Purusha and Simham resort to stealing the money from a house, but they are caught by J. Krishna Murthy (JK), who surprisingly permits them to keep the stolen amount. However, by the time they return, the landlord has sold the information about Purusha’s mother to JK for ₹50,000. Angered, Purusha confronts JK, who reveals that he wants to use Purusha to stop his rival, a drug dealer. Initially reluctant, Purusha eventually agrees.

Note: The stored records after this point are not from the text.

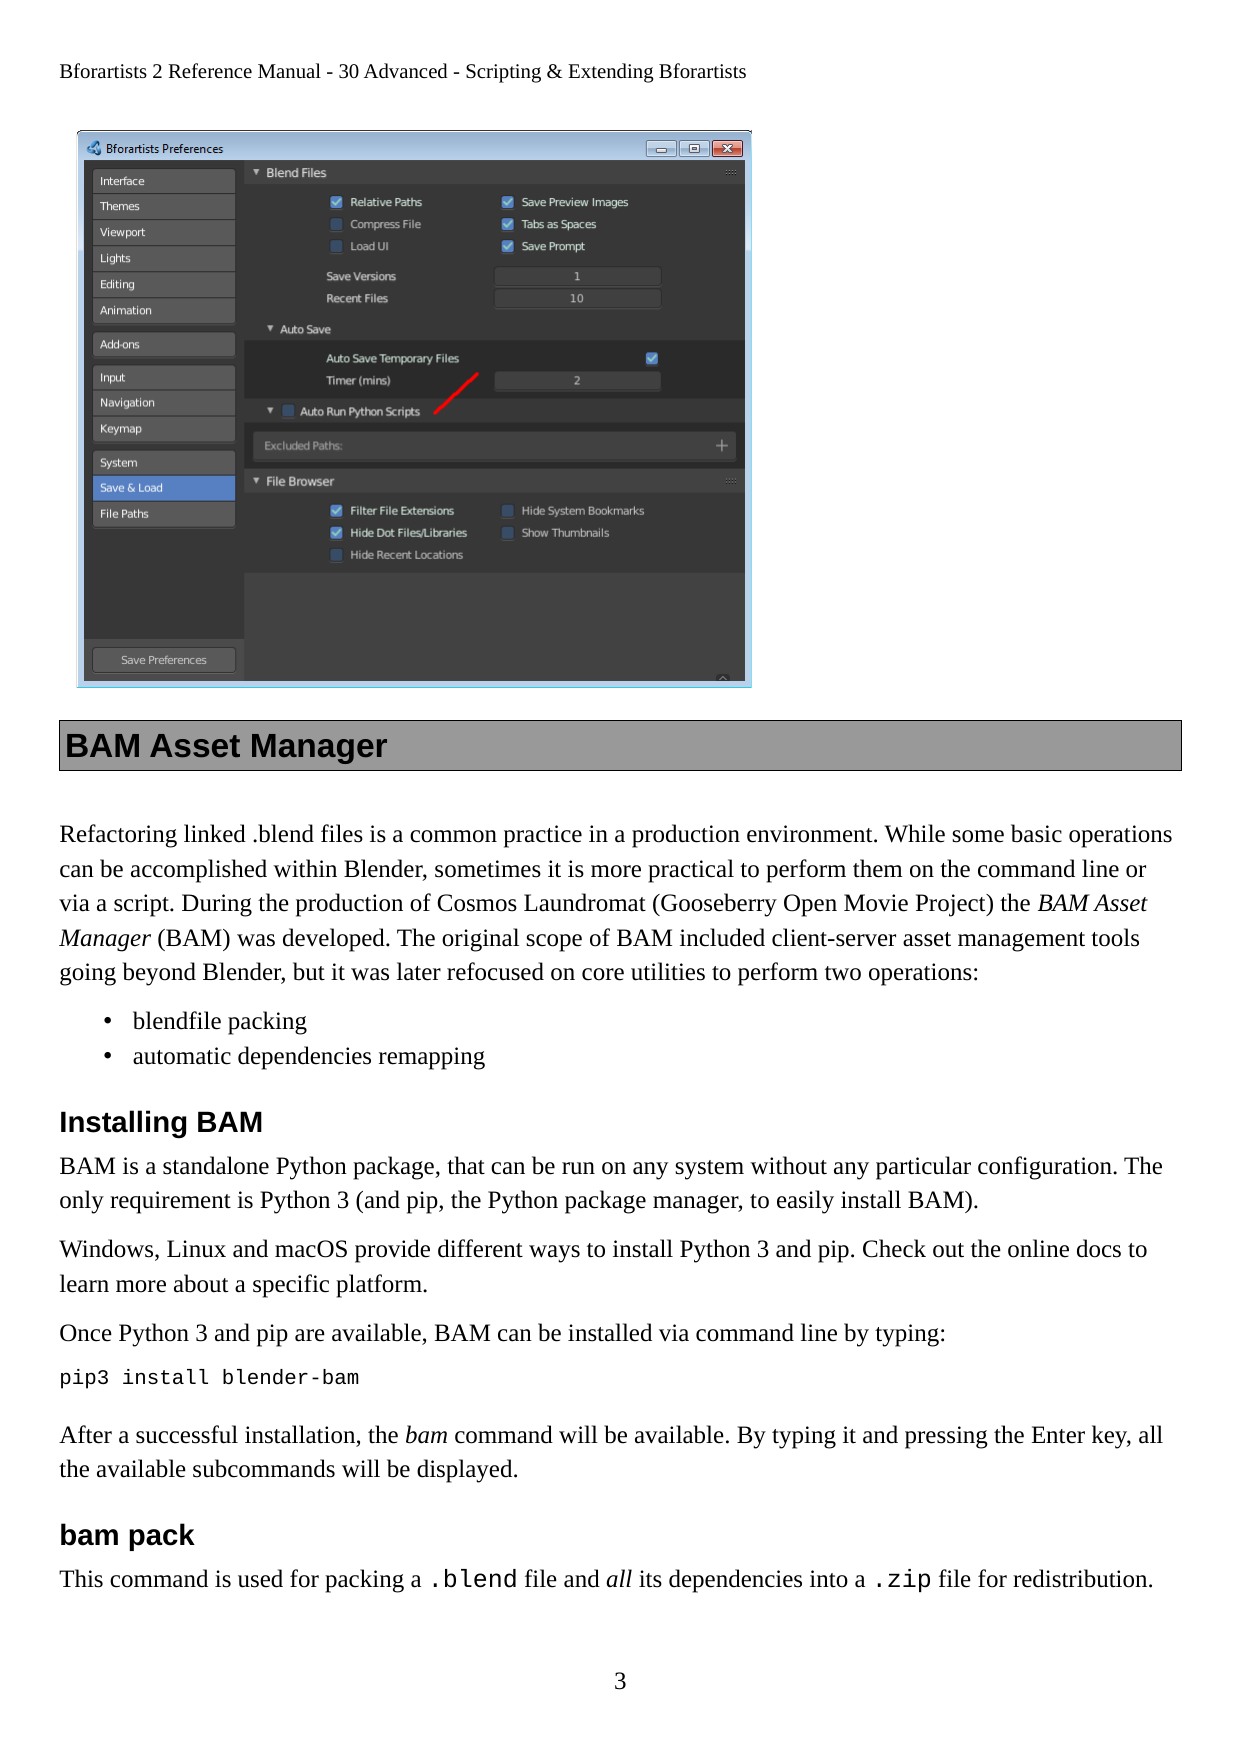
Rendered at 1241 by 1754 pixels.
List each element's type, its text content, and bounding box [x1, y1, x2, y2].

text Once Python 3 and pip are available, BAM can be installed via command line by typing: [59, 1318, 1181, 1347]
text After a successful installation, the bam command will be available. By typing it and pressing the Enter key, all the available subcommands will be displayed. [59, 1420, 1181, 1483]
list blendfile packing [103, 1006, 1181, 1035]
picture [76, 130, 752, 688]
text This command is used for packing a .blend file and all its dependencies into a .zip file for redistribution. [59, 1564, 1181, 1595]
text pip3 install blender-bam [59, 1367, 1181, 1391]
list automatic dependencies remapping [103, 1041, 1181, 1070]
text BAM is a standalone Python package, that can be run on any system without any particular configuration. The only requirement is Python 3 (and pip, the Python package manager, to easily install BAM). [59, 1151, 1181, 1214]
table_header BAM Asset Manager [60, 721, 1181, 770]
text Windows, Linux and macOS provide different ways to install Python 3 and pip. Check out the online docs to learn more about a specific platform. [59, 1234, 1181, 1298]
subtitle Installing BAM [59, 1104, 1181, 1138]
text Refactoring linked .blend files is a common practice in a production environment. While some basic operations can be accomplished within Blender, sometimes it is more practical to perform them on the command line or via a script. During the production of Cosmos Laundromat (Gooseberry Open Movie Project) the BAM Asset Manager (BAM) was developed. The original scope of BAM included client-server asset management tools going beyond Blender, but it was later refocused on core utilities to perform two operations: [59, 819, 1181, 986]
subtitle bam pack [59, 1518, 1181, 1552]

During a confrontation with the rival's men, Purusha is injured and jumps into a river, where he is rescued by Sumathi, a school teacher and an orphan, who also happens to be the sister of Inspector Vijay. As Purusha recovers, he devises a plan to raid critical documents that would incriminate Sailaja’s father, who is JK's rival. However, during the mission, Vijay is killed. The rest of the story follows Purusha as he seeks revenge and reunites with his mother.

==Cast==

- Chiranjeevi as Purusha / Rakshasudu
- Radha as Sailaja / Sailu
- Suhasini as Sumathi
- Tiger Prabhakar as Vankachakra Ram Murthy / VR
- Rao Gopal Rao as J. Krishna Murthy / JK
- Nagendra Babu as Simham
- Rajendra Prasad as Inspector Vijay
- Allu Ramalingaiah as Narasimham
- Annapurna as Rakshasudu's mother
- Sumalatha as Vani
- Samyuktha as JK's daughter
- Jayamala as Tarakeswari
- M. V. S. Haranatha Rao as Narakasurudu
- Narra Venkateswara Rao as Chief Commander
- P. J. Sarma as SP Bhujanga Rao
- Vankayala Satyanarayana as Sumathi's father
- Bhimeswara Rao as Principal
- Vasudeva Rao as Rajan
- Jagga Rao
- Master Suresh as Young Rakshasudu

== Production ==
Rakshasudu marked the third collaboration of Chiranjeevi, K. S. Rama Rao, Kodandarami Reddy, Yandamuri Veerendranath, and Ilaiyaraaja, following Abhilasha (1983) and Challenge (1984). The film is notable for being the only one where Chiranjeevi's character has no name, with other characters referring to him simply as "friend" or "Purusha".

==Music==

The music was composed by Ilaiyaraaja. All the songs were chartbusters. Music released on Echo Audio Company.

| No. | Title | Lyrics | Singers | Length |
|---|---|---|---|---|
| 1. | "Hey Naughty" | Veturi | S. P. Balasubrahmanyam, S. Janaki | 4:24 |
| 2. | "Malli Malli" | Veturi | S. P. Balasubrahmanyam, S. Janaki | 4:30 |
| 3. | "Acha Acha" | Veturi | S. P. Balasubrahmanyam, S. Janaki | 4:28 |
| 4. | "Giliga Gili" | Veturi | S. P. Balasubrahmanyam, S. Janaki | 4:26 |
| 5. | "Nee Meeda" | Veturi | S. P. Balasubrahmanyam, S. Janaki | 4:31 |
| 6. | "Jaya Jaya" | Devulapalli Krishna Sastry | S. Janaki | 2:04 |

==Reception==
Rakshasudu was a major commercial success, running for 100 days in 28 centres. A grand celebration marked its success, with special guests including Rajinikanth, Sridevi, K. Viswanath, and M. S. Reddy. During the event, Sridevi presented a memento to Chiranjeevi.

It was also dubbed into Tamil as Raatshashan and did well in Tamil Nadu as well. The Telugu version did well in reruns too.